_Record set_
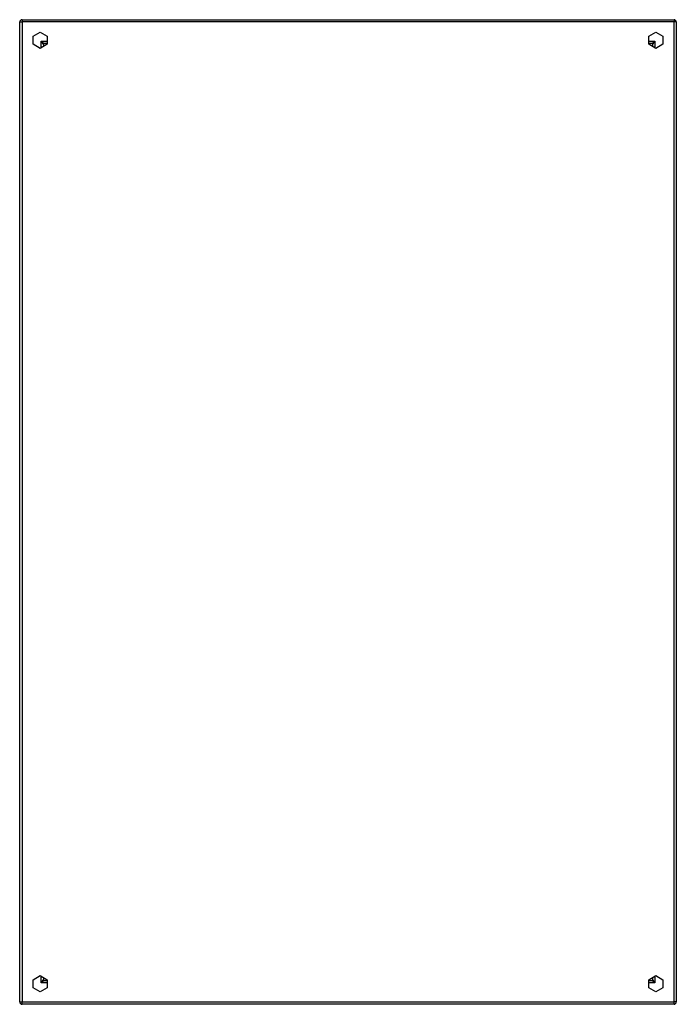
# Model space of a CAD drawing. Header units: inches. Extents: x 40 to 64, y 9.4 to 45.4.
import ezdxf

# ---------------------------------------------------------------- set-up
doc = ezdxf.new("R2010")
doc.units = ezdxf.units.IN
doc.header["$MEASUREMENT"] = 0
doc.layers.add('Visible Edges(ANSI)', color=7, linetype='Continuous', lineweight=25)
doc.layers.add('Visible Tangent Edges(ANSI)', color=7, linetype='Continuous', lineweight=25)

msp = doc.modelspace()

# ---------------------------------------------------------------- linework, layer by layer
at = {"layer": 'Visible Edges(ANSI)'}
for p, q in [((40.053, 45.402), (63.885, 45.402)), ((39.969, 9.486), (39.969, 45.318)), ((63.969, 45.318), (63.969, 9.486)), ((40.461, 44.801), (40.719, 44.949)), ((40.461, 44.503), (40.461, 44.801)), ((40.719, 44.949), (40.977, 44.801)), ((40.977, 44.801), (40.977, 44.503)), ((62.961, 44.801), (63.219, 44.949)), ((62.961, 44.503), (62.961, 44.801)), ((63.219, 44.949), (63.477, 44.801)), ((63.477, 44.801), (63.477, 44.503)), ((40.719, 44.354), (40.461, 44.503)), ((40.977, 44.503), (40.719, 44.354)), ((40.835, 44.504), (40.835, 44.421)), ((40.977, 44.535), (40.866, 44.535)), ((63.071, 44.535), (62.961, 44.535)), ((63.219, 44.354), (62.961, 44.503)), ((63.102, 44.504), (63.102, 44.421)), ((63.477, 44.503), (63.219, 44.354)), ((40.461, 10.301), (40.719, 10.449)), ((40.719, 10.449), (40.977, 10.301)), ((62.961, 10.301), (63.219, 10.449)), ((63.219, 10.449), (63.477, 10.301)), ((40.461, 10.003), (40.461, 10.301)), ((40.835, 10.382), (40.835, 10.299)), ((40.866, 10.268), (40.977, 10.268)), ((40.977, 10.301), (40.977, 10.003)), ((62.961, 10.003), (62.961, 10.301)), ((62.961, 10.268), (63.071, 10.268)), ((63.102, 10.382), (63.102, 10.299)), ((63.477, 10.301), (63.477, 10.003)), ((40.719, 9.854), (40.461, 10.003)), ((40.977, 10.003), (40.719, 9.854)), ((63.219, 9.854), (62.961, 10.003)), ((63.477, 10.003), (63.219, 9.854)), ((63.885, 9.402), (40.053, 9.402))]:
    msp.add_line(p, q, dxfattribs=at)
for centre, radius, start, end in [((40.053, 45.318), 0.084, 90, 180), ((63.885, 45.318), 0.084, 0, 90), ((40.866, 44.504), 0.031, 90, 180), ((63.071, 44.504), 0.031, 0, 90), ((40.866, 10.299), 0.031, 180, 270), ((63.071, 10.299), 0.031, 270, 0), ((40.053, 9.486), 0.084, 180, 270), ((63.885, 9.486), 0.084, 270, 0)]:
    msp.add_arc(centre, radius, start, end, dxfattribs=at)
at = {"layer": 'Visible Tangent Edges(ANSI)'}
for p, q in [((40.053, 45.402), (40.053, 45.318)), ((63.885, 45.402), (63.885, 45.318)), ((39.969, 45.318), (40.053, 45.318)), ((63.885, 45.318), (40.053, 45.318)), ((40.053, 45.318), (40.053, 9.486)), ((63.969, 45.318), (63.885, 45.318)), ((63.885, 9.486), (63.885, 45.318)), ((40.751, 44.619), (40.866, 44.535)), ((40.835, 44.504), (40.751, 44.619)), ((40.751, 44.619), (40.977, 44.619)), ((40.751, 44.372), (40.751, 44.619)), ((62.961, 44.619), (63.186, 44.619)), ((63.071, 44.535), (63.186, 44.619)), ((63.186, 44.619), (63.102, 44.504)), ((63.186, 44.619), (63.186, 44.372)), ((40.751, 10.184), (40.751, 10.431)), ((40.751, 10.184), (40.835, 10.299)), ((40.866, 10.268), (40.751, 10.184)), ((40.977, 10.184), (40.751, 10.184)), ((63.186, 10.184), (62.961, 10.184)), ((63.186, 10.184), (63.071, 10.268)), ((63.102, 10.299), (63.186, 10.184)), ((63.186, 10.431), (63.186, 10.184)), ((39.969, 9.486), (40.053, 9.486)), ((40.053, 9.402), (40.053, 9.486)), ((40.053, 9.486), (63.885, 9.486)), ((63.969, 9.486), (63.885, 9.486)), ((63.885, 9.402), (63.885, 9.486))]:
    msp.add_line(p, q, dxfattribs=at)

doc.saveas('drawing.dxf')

_Goal of the exercise_
Read the listing. Report every line that includes the word "drawing".

_Task result_
# Model space of a CAD drawing. Header units: inches. Extents: x 40 to 64, y 9.4 to 45.4.
doc.saveas('drawing.dxf')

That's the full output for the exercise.